The White House Health Care Summit didn’t quite live up to expectations. Obama didn’t end up laying down the law—and Republicans were far from cooperative. The eight-hour bull session moved through the four key areas: insurance regulations, deficit reduction, cost containment and expanded coverage. The 30-some lawmakers and White House staff in attendance chewed over these topics and more—but in some ways, the specifics of policy didn’t matter. What does matter is which factions looked like they came out with some momentum for their cause. In the spirit of this political theater, here is a subjective take on the winners and losers of the great health care summit of 2010.
The convener had the highest stakes of all. The president, however, proved a nimble moderator of a large and unwieldy debate. He deftly parried Republican attacks, some rhetorical (“We need a clean sheet of paper”) some prop-based (Rep. Eric Cantor’s stack of binders). He also finally laid the track for his personal desires: “Baby steps don’t get you where people need to go.” In one classic exchange, Obama schooled Republican Rep. John Barrasso. Not only did Barrasso look elitist for insisting that people pay for their own health care, he gave Obama the chance to do what he does best: explain why we can’t wait. “We shouldn't pretend these people don't need help,” he said, with a bite in his voice.
The earliest fireworks at this tense summit came between the president and his former opponent for the White House. First McCain cut off the president when he tried to get McCain to wrap up his comments on "the special deals for the special interests." It wasn't long before Obama sharply reminded him: "The election's over." McCain shot back: "I'm reminded of that every day." Perhaps it's because he is facing a primary challenge from his right flank in Arizona, but the once bipartisan McCain appeared crotchety-not a good look for the runner-up.

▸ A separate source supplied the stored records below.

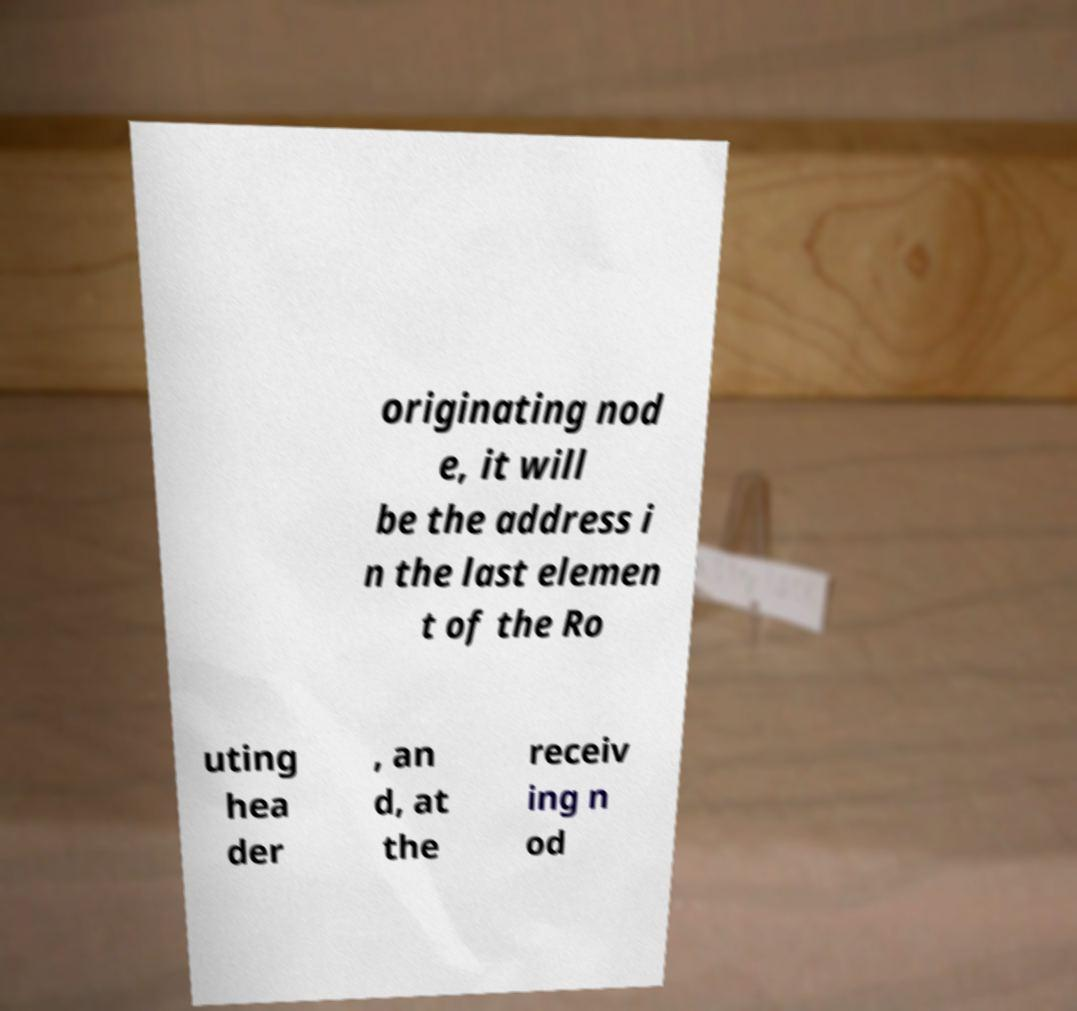Please identify and transcribe the text found in this image. originating nod e, it will be the address i n the last elemen t of the Ro uting hea der , an d, at the receiv ing n od 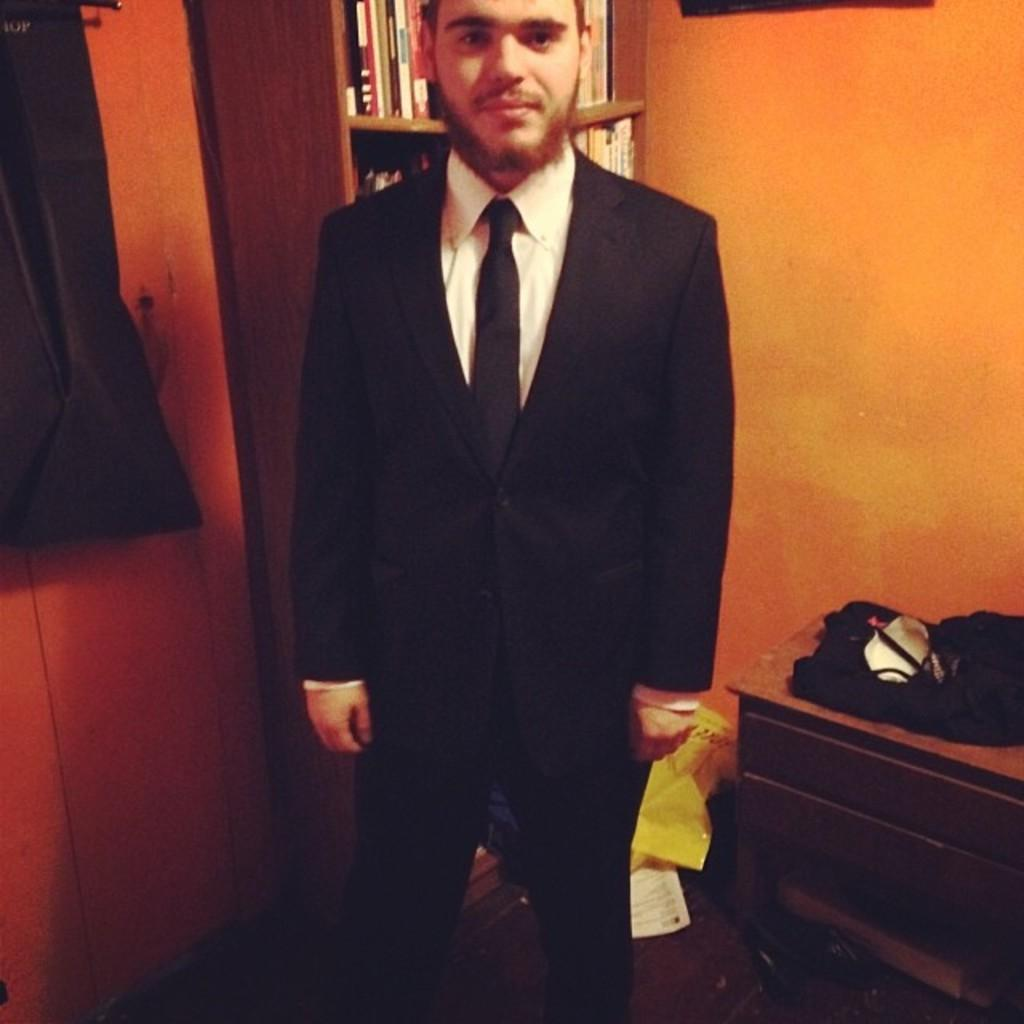What is the main subject in the image? There is a man standing in the image. What can be seen on the wall in the background? There is a wall in the background of the image. What type of furniture is visible in the image? There are books in a bookshelf in the image. What other objects can be seen in the image besides the man and bookshelf? There are other objects in the image. How many snakes are crawling on the man in the image? There are no snakes present in the image; the man is standing alone. What type of maid is attending to the man in the image? There is no maid present in the image; the man is standing alone. 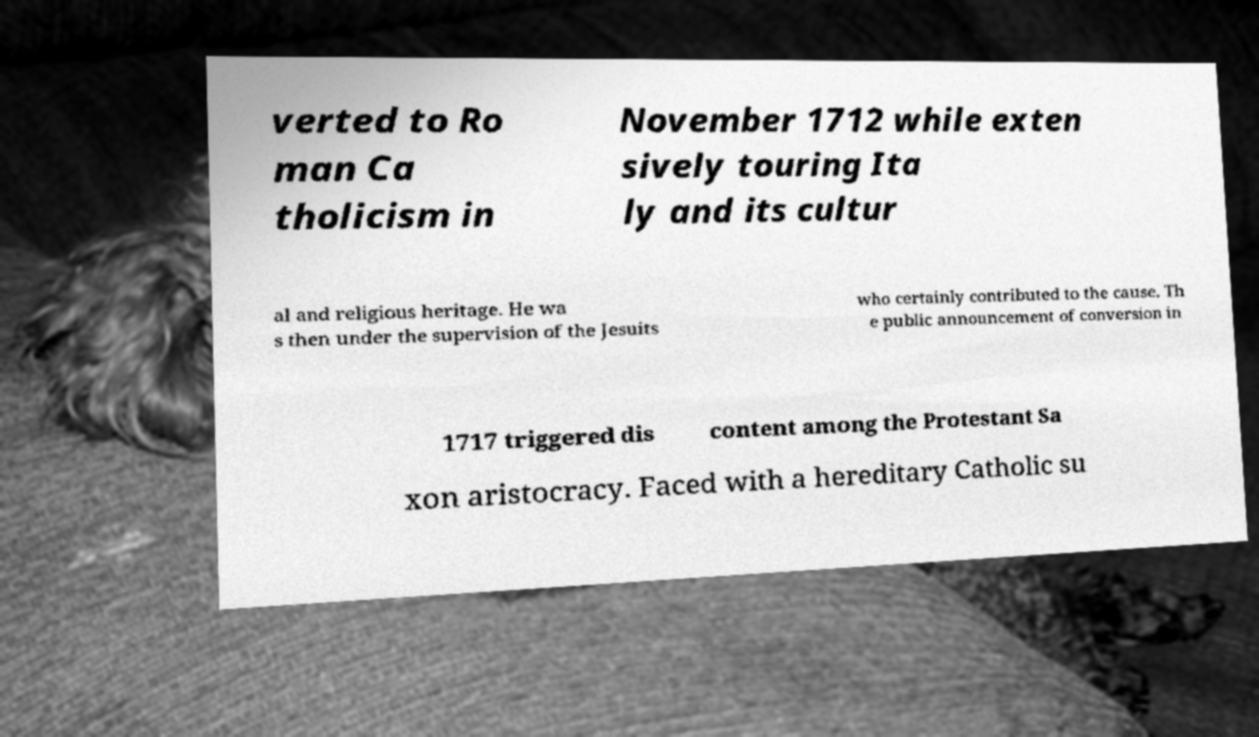Could you extract and type out the text from this image? verted to Ro man Ca tholicism in November 1712 while exten sively touring Ita ly and its cultur al and religious heritage. He wa s then under the supervision of the Jesuits who certainly contributed to the cause. Th e public announcement of conversion in 1717 triggered dis content among the Protestant Sa xon aristocracy. Faced with a hereditary Catholic su

This controversial parliamentary maneuver used 50+1 Senate votes to pass the Bush 43 tax cuts, Bill Clinton's welfare reform, expand Medicaid, and enact a host of other issues. In fact, it's been used 21 times since 1981. And, despite Republican calls to "start over," the president kept the door open to this potentially-decisive maneuver all day.
Though the White House has been conspicuously absent from the debate on whether to offer a cheaper, government-administered plan alongside private options, a letter written by Sen. Michael Bennet (D-Colo), and signed by 22 other senators asked Obama to reconsider: "A strong public option can be the centerpiece of an even better package of cost saving measures," he wrote. "Including a strong public option is one of the best, most fiscally responsible ways to reform our health insurance system." At the summit, however, there was little mention of this-and indeed, diehard public option supporters like Sens. Jay Rockefeller and Ron Wyden participated-but kept mum on the only real chance to give predatory insurers a run for their money.
The news station funded by all cable television subscribers is associated with coverage of bone-dry procedural votes in Congress. But the channel has received an unprecedented amount of attention of late. President Obama's well-publicized thrashing of House Republicans at their retreat set the tone. Add to that the president's campaign promise to "have the negotiations televised on CSPAN," and the channel, always a bridesmaid to flashy networks like Fox or MSNBC, got to see its excellent, up-to-the-minute coverage at Blair House.
The Secretary of State has done an admirable job of vaulting smart power diplomacy into prominence across the world. But she's been uniquely hamstrung on her once-signature issue of health care. As Obama presided over the conversation she helped start in 1994, she is leaving the country this weekend for Uruguay, Chile, Brazil, Costa Rica, and Guatemala. The best she could do was to tell a House subcommittee that Congressional gridlock puts US foreign policy at risk. The cause of her domestic political life is proceeding without her.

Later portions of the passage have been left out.